Exercise directions: The answer should consist of the full listing below, repeated exactly and free of pictures.

Supplied entries:
━━━━━━

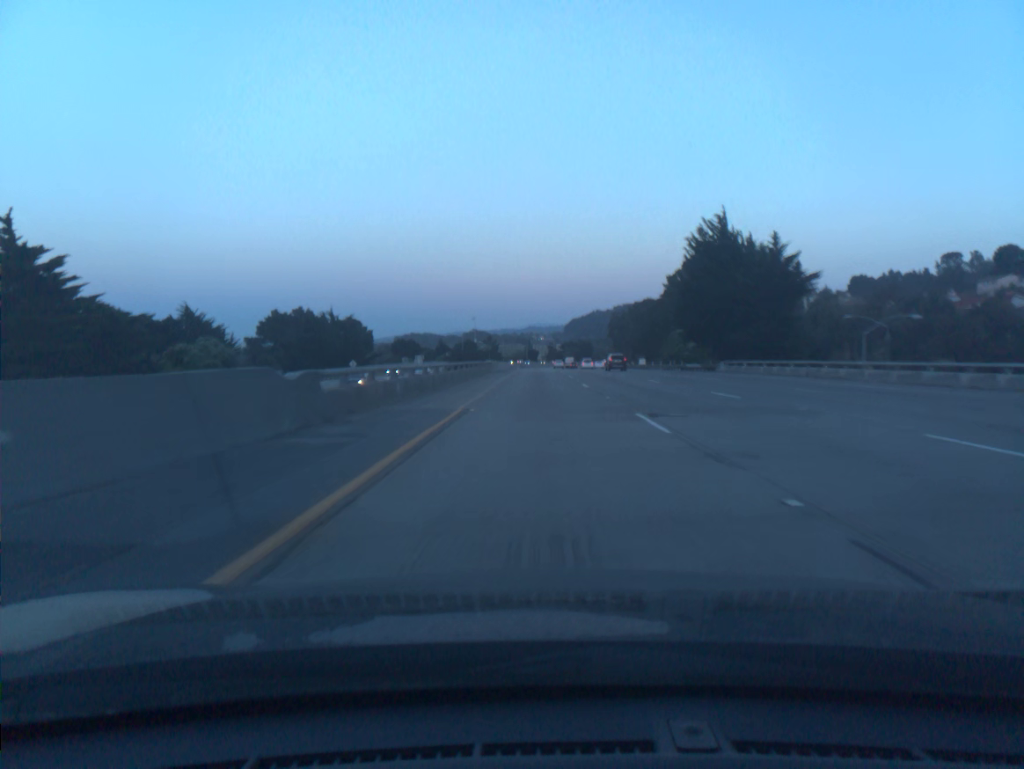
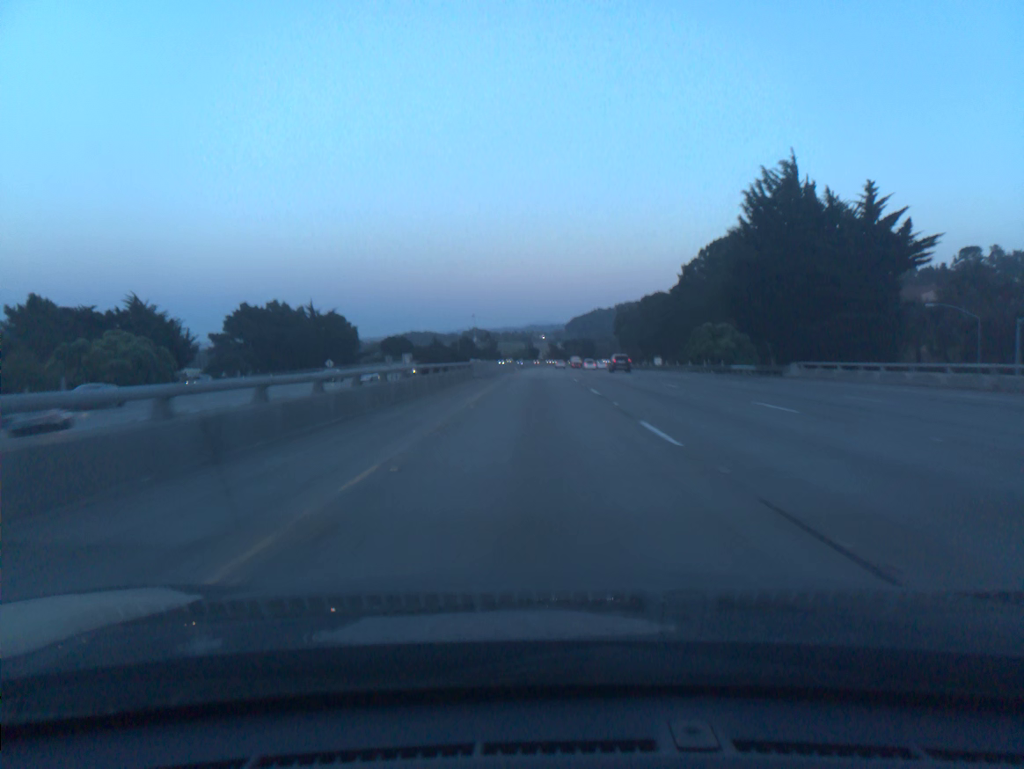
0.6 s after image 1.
(0.0, +19.8) m; 0°
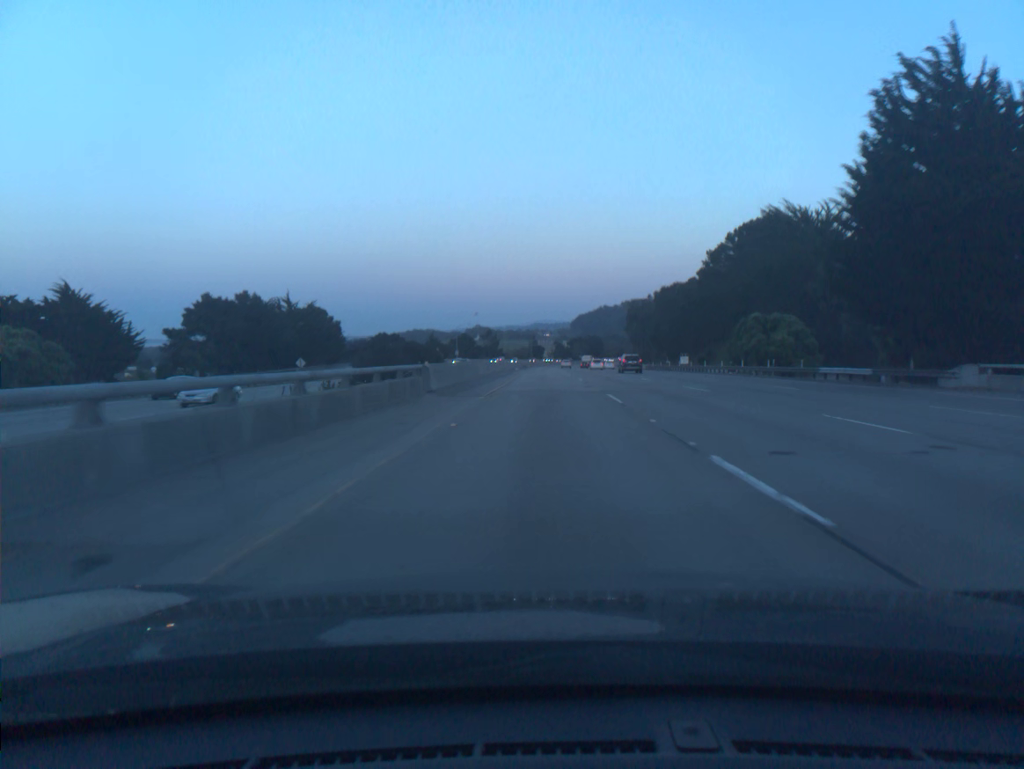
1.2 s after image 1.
(0.0, +19.8) m; 0°
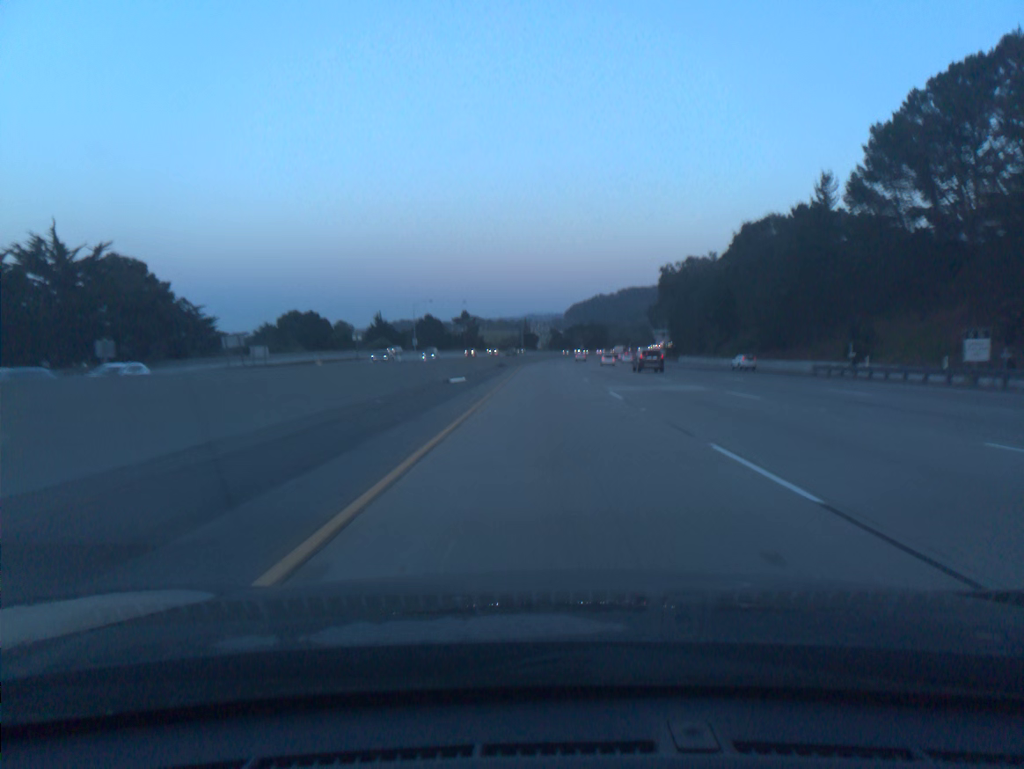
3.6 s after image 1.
(0.0, +79.1) m; 0°
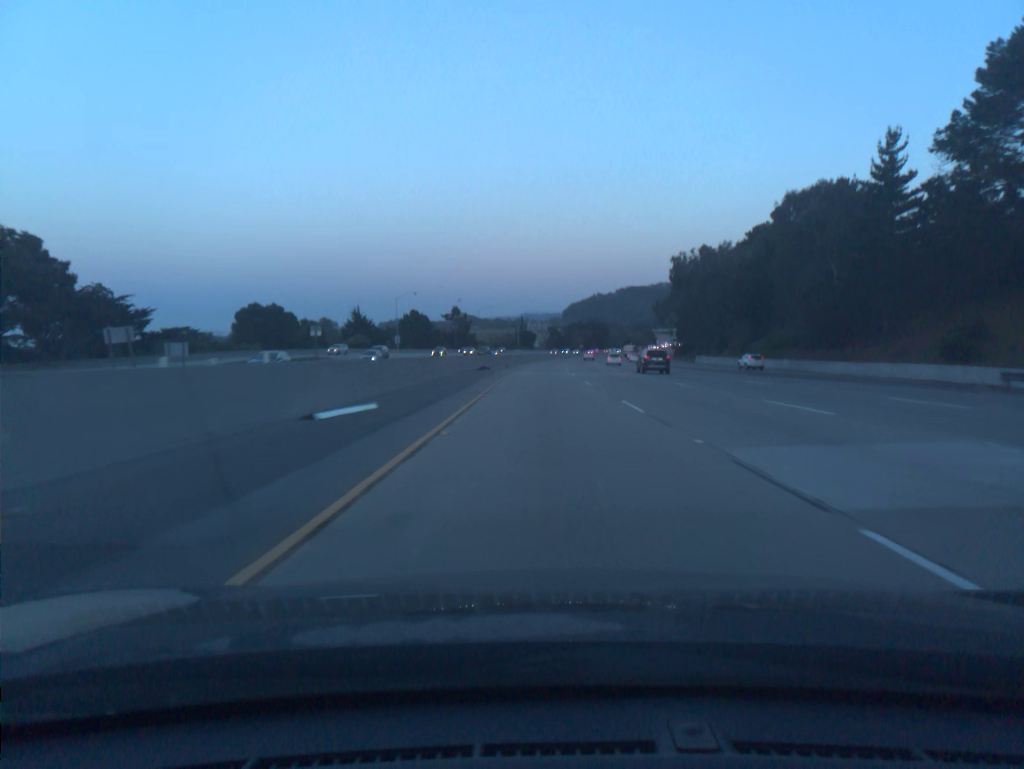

━━━━━━

Expected answer:
0.6 s after image 1.
(0.0, +19.8) m; 0°
1.2 s after image 1.
(0.0, +19.8) m; 0°
3.6 s after image 1.
(0.0, +79.1) m; 0°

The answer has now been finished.